ABOUT THIS TASK:
Transcribe the listing exactly; drop the images.

DATASET CONTENT:
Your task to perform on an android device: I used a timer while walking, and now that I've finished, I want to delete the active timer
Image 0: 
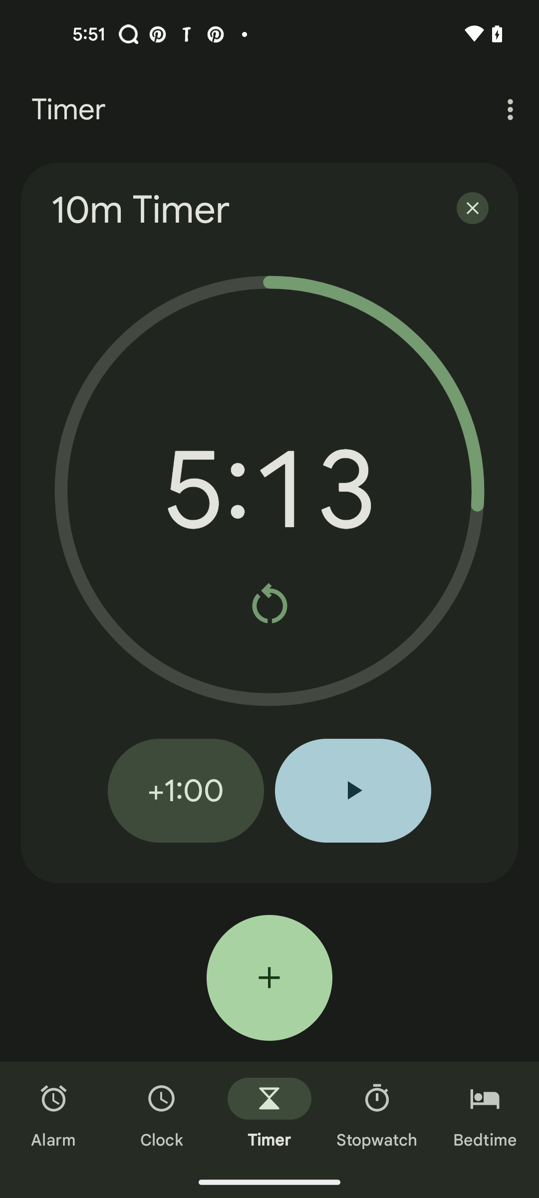
click on the close icon
Step 0: click (473, 208)

PROBLEM SOLUTION:
Your task to perform on an android device: I used a timer while walking, and now that I've finished, I want to delete the active timer
Image 0: 
click on the close icon
Step 0: click (473, 208)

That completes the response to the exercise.